I sat in the desk as Ms.Brown tells us about the assignment we have to do. Lately she's been cutting me some slack due that I'm trying more than what I used to do. "Jania, what's the answer to number .2 ?" Jasmin asked me as we worked in partners. I looked over at her laughing historically because the work was so easy.

I handed her my paper, "Here girl." I say as she took my paper, copying my answers. My phone buzzed in my pocket as I pulled it out. Seeing that Caine had texted me I rolled my eyes.

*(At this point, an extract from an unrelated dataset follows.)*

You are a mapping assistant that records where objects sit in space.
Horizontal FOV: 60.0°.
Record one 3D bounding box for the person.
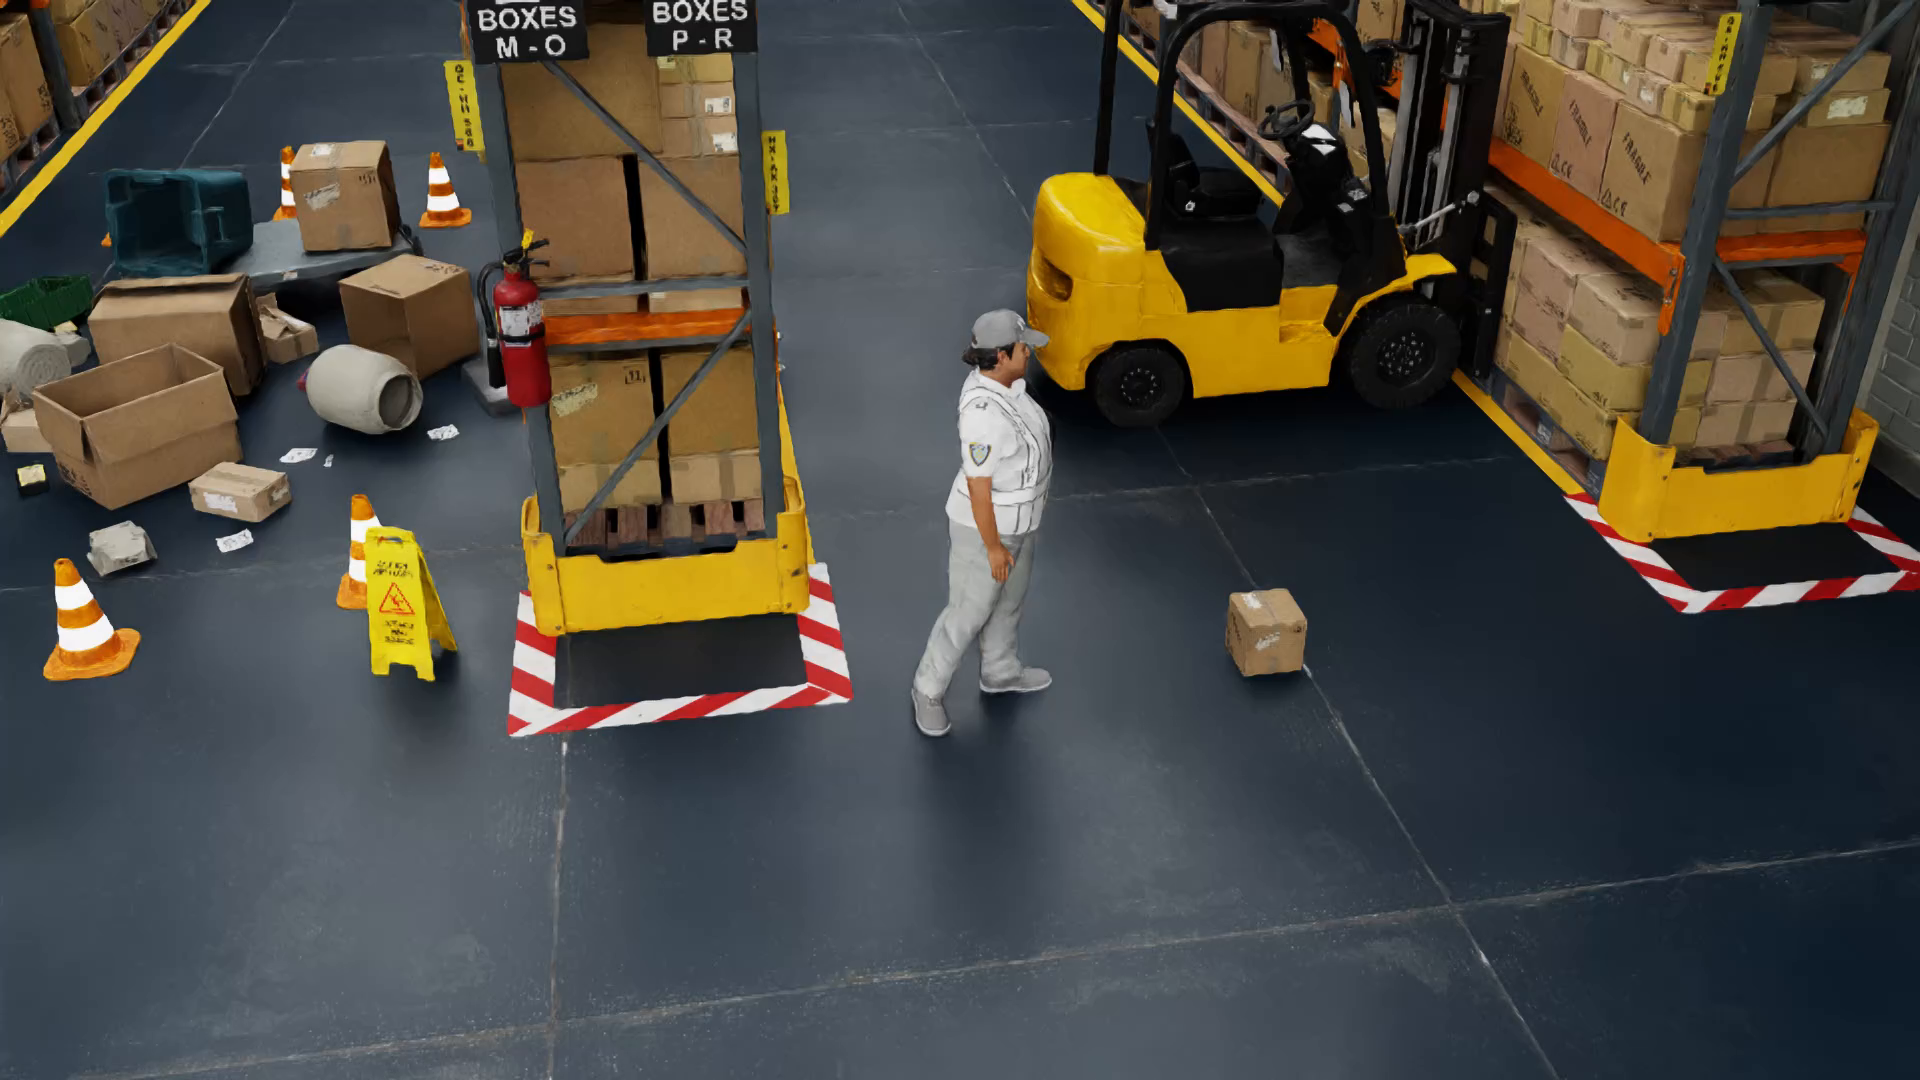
[{"bbox_3d":[0.086,-0.082,6.276,0.521,1.663,0.667,7,32,11],"label":"person"}]

Caine - look NiNi, I know I fucked up. I'm sorry dude but you can't keep me out of my child's life. I refuse to let that happen, now you gone have to talk me one way or another so just answer my calls. Please.

Jasmin looked at me as I read over the message. "Girl, so what you gone do about that?" She asked me handing me my paper back. I hated talking about Caine for some reason speaking on him made me emotional. Him cheating hurt me but not only that, he acted nonchalant about cheating.

I shrugged my shoulders looking over at Jasmin, "I honestly don't know. I want him to be in his child's life but not right now. He cheated on me and acted as if he didn't care and that's not okay with me."

Besides I just got pregnant a quick second ago. Its still early in my pregnancy, he hasn't miss that much.

Jasmin sighed looking at me, "Well you know we got you NiNi, but just be mature about the situation and talk to him. It's no longer about you, but it's about your baby."

I nodded my head agreeing with Jasmin, I never knew she had so much sense. I chuckled at my thought looking over at her. What fucked me up the most was, I was pregnant before she was and she's been with multiple guys.

I decided I was going to text Caine back and be the bigger person.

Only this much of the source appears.